Task to carry out —
Beginning at the line containing "Numbers: x, y, z, sx, sy, sz, roll, pitch, yaw.", output every line to the end of the data below exactly as it appears.

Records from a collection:
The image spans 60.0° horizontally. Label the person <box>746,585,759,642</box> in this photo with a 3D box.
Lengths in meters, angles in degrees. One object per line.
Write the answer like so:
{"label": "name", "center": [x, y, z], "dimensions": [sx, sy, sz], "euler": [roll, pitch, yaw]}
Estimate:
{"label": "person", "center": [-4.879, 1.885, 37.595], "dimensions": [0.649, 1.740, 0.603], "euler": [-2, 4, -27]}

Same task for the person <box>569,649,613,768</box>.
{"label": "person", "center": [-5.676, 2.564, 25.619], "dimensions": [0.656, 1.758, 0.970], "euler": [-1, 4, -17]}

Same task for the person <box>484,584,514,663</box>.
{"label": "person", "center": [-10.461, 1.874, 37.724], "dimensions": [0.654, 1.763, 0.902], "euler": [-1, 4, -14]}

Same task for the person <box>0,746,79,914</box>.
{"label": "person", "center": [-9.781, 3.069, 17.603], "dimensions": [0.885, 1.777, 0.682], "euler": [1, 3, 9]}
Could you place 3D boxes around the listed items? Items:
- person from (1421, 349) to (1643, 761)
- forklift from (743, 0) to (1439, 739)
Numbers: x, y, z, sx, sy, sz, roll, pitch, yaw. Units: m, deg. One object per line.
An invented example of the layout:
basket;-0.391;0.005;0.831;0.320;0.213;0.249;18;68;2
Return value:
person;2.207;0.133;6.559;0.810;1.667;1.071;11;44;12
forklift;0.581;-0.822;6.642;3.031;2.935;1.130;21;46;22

Solution —
Numbers: x, y, z, sx, sy, sz, roll, pitch, yaw. Units: m, deg. One object per line.
An invented example of the layout:
basket;-0.391;0.005;0.831;0.320;0.213;0.249;18;68;2
Return value:
person;2.207;0.133;6.559;0.810;1.667;1.071;11;44;12
forklift;0.581;-0.822;6.642;3.031;2.935;1.130;21;46;22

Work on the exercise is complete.